Psychological support

Being diagnosed with cancer is a highly stressful life event for anyone, which leads to a range of problems such as anxiety, depression, fear (of the disease recurring, of the future…), not to mention the physical consequences brought about by side effects of the treatment.

In the case of prostate cancer, the likelihood of the treatment having major repercussions on the patient’s quality of life is high, above all with regard to the possibility of urinary incontinence and /or erectile dysfunction as a consequence of the treatment and other outcomes which may include loss of libido, gastrointestinal problems, mood swings….

The psychological repercussions of prostate cancer are twofold, meaning that they can be broken down into two main aspects: those relating to cancer as a whole and those which are specific to the localisation of the illness and the treatment:

– With regard to the psychological repercussions of cancer, these arise as a result of the general population associating the diagnosis with death, the social stigma and uncertainties which continue to exist even now regarding its causes and therapeutic. The most frequent disorders in terms of state of mind are anxiety and depression. Insomnia, anorexia and a disruption in daily activities may also arise as can a persistent fear of a relapse.

– Due to the potential effects of its treatment, prostate cancer represents an added threat for the sufferer which is a direct result of perceived damage to their self-image and manliness. This can have serious effects on their relationship, not to mention their self-esteem. Possible consequences such as incontinence and sexual impotence damage the patients’ vision of themselves as men, fill them with shame and embarrassment. If still working the patient may experience functional difficulties in the workplace, as a consequence for instance of needing to pass water more frequently, with everything this entails, and the added fear of his colleagues finding out. Those who no longer work may suffer emotional effects which are further enhanced by retirement (with all its implications in our society) added to loss on a physical level which in turn leads to decreased self-esteem.

Furthermore, prostate cancer brings to the surface two major aspects, both of which relate to medical aspects although they may exacerbate anxiety in the patient:

– Deciding between different alternatives for treatment: having to make a choice between the different courses of treatment  with their different side effects has a double repercussion on the patient’s wellbeing. On the one hand, this adds to the anxiety deriving from not knowing whether he has made the right choice. On the other hand, if the physician ensures that the patient is indeed well informed, that is, with equanimity and objectivity, this helps him feel in control which is very important especially from a man’s point of view. In some cases, for patients who have not been educated at all, or inappropriately so, the level of anxiety is raised.
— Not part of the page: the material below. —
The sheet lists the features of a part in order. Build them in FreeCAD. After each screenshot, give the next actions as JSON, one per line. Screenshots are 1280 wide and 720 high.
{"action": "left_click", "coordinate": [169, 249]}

It is highly important for the patient to feel that communication channels between him and his physician are wide open.

– Tumour marker-related knowledge:  these days, cancer patients are receiving more and more information in terms of numbers, meaning that they know very well when those numbers indicate that something isn’t right. The prostate cancer patient tends to be well informed with regard to his PSA and as he waits for his results, or when faced with minimal increases, he is likely to feel anxious. This is known as “PSA anxiety” and can build up to become a genuine psychological issue. Some patients plot PSA graphs, whilst others turn to other analysts to corroborate results.
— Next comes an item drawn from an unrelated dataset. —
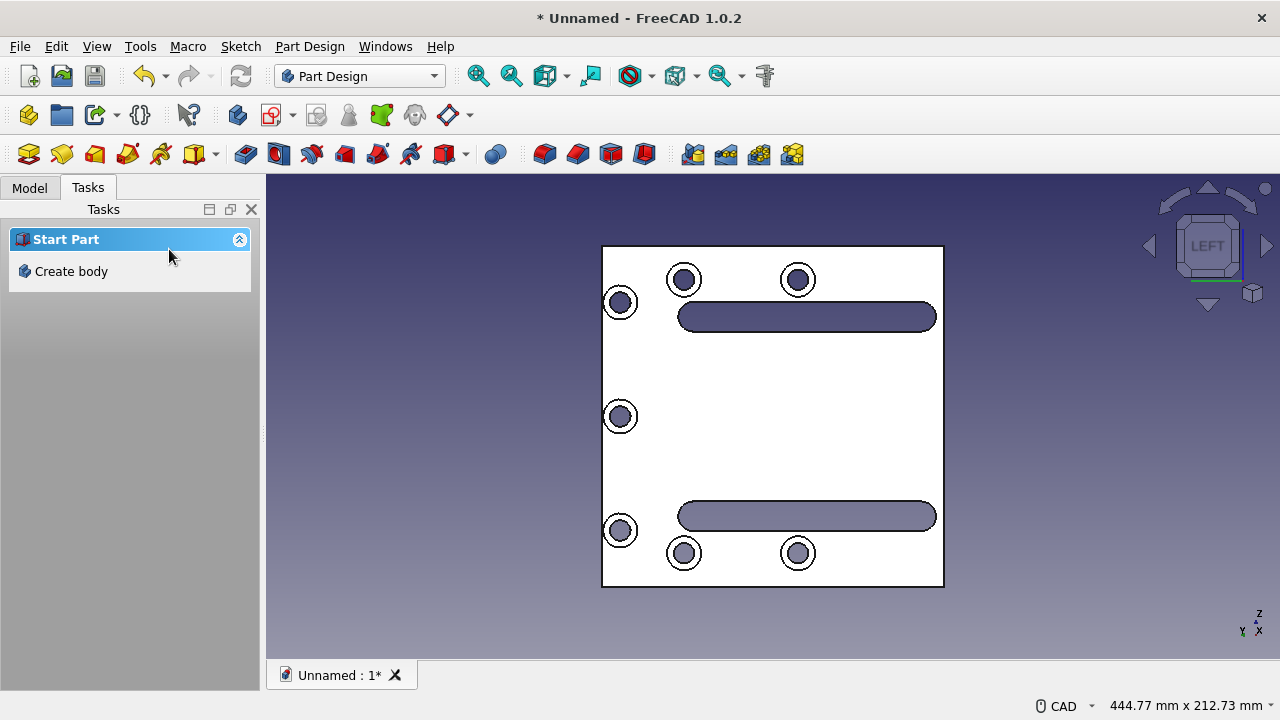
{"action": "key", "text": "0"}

Prostate cancer is a major challenge in the life of the affected persons. It affects many aspects of their lives on a personal, work and/or social level. This is why it is important for them to be provided with psychological support, whether on an individual basis or with their partner, when resources that are usually available to the sufferer are lacking. One way to help reduce this anxiety and devastation is for the patient to be as well educated as possible with regard to his illness, its treatment and treatment side effects. Good communication with the physician is a key factor in achieving the patient’s peace of mind and helping him feel in control.